Cloudflare Accuses Perplexity AI of Using Stealth Crawlers to Evade Website Blocks

Perplexity’s crawlers stored accessing content material from tens of 1000’s of internet sites even after these websites explicitly blocked them, in keeping with web infrastructure supplier Cloudflare. The corporate mentioned Monday it had delisted Perplexity from its verified bot program and applied blocks in opposition to what it characterised as misleading scraping practices.
San Francisco-based Perplexity was based in 2022 by Aravind Srinivas (CEO, former OpenAI researcher), Denis Yarats (former Fb AI), Johnny Ho, and Andy Konwinski (co‑founders of Databricks). The corporate has obtained funding from buyers together with Elad Gil, Nat Friedman (former GitHub CEO), and Nvidia, amongst others, and was valued at $18 billion after elevating $100 million final month.
The latest battle erupted after Cloudflare clients complained that Perplexity was nonetheless scraping their websites regardless of implementing each robots.txt directives and particular firewall guidelines to dam the AI firm’s declared crawlers.
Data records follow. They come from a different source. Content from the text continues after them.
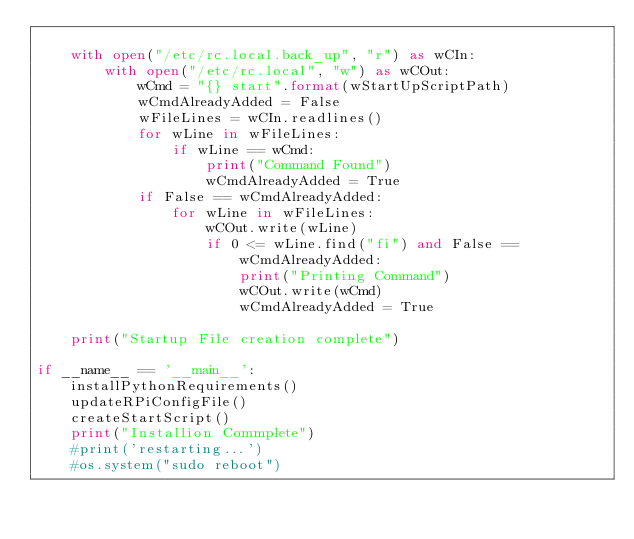<code> <loc_0><loc_0><loc_500><loc_500><_Python_>
    with open("/etc/rc.local.back_up", "r") as wCIn:
        with open("/etc/rc.local", "w") as wCOut:
            wCmd = "{} start".format(wStartUpScriptPath)
            wCmdAlreadyAdded = False
            wFileLines = wCIn.readlines()
            for wLine in wFileLines:
                if wLine == wCmd:
                    print("Command Found")
                    wCmdAlreadyAdded = True
            if False == wCmdAlreadyAdded:
                for wLine in wFileLines:
                    wCOut.write(wLine)
                    if 0 <= wLine.find("fi") and False == wCmdAlreadyAdded:
                        print("Printing Command")
                        wCOut.write(wCmd)
                        wCmdAlreadyAdded = True
                
    print("Startup File creation complete")

if __name__ == '__main__':
    installPythonRequirements()
    updateRPiConfigFile()
    createStartScript()
    print("Installion Commplete")
    #print('restarting...')
    #os.system("sudo reboot")
</code>

Cloudflare engineers Gabriel Corral, Vaibhav Singhal, Brian Mitchell, and Reid Tatoris confirmed in assessments that “Perplexity’s crawlers had been in actual fact being blocked on the particular pages in query.”
To check Perplexity’s conduct, Cloudflare created a number of newly bought domains with restrictive robots.txt information that prohibited all automated entry. “We performed an experiment by querying Perplexity AI with questions on these domains, and found Perplexity was nonetheless offering detailed info concerning the precise content material hosted on every of those restricted domains.”
What occurred subsequent shocked them. Reasonably than respecting the blocks, Perplexity appeared to modify techniques. “We noticed that Perplexity makes use of not solely their declared user-agent, but in addition a generic browser supposed to impersonate Google Chrome on macOS when their declared crawler was blocked,” the engineers wrote.
Supply: Cloudflare
The stealth crawlers employed refined evasion methods. “This undeclared crawler utilized a number of IPs not listed in Perplexity’s official IP vary, and would rotate by way of these IPs in response to the restrictive robots.txt coverage and block from Cloudflare. Along with rotating IPs, we noticed requests coming from completely different ASNs in makes an attempt to additional evade web site blocks.”
In accordance with Cloudflare, Perplexity’s “declared” crawlers—those which might be simply identifiable—generate 20-25 million requests each day, whereas the undeclared stealth crawlers—these which depend on shady techniques to cover their goal—add one other 3-6 million requests per day. “This exercise was noticed throughout tens of 1000’s of domains and thousands and thousands of requests per day.”
The corporate didn’t reply to Decrypt‘s request for remark. A spokesman dismissed the allegations to TechCrunch as nothing greater than a Cloudflare “gross sales pitch.”
Cloudflare CEO Matthew Prince has been vocal about what he sees as AI firms’ unsustainable extraction of net content material. “Search visitors referrals have plummeted as folks more and more depend on AI summaries.” In July, he revealed devastating ratios: whereas Google sends one customer for each 18 pages it crawls, AI firms are far worse. OpenAI’s ratio deteriorated from 250-to-1 six months in the past to 1,500-to-1 as we speak. Anthropic’s numbers are much more excessive, leaping from 6,000-to-1 to 60,000-to-1 in the identical interval.
Supply: Cloudflare
This prompted Cloudflare to launch what it calls “Content material Independence Day,” defaulting to blocking AI crawlers for all new domains, changing into the de-facto vigilante defending content material creators from the threats of pesky AI crawlers.
As Decrypt beforehand reported, greater than one million web sites had already opted into blocking since final fall, with main publishers together with the Related Press, Time, The Atlantic, BuzzFeed, Reddit, Quora, and Common Music Group becoming a member of the motion.
“There are clear preferences that crawlers ought to be clear, serve a transparent goal, carry out a selected exercise, and, most significantly, comply with web site directives and preferences,” Cloudflare said. The corporate contrasted Perplexity’s conduct with OpenAI, which it mentioned correctly respects robots.txt information and stops crawling when blocked.
Cloudflare’s response consists of each fast technical measures and longer-term initiatives. The corporate has deployed signature matches for the stealth crawler into its managed guidelines, obtainable to all clients together with free customers. It is also growing instruments like an “AI Labyrinth,” which traps non-compliant bots in mazes of pretend content material, and a “pay-per-crawl” market that may enable publishers to cost AI firms for entry to their content material.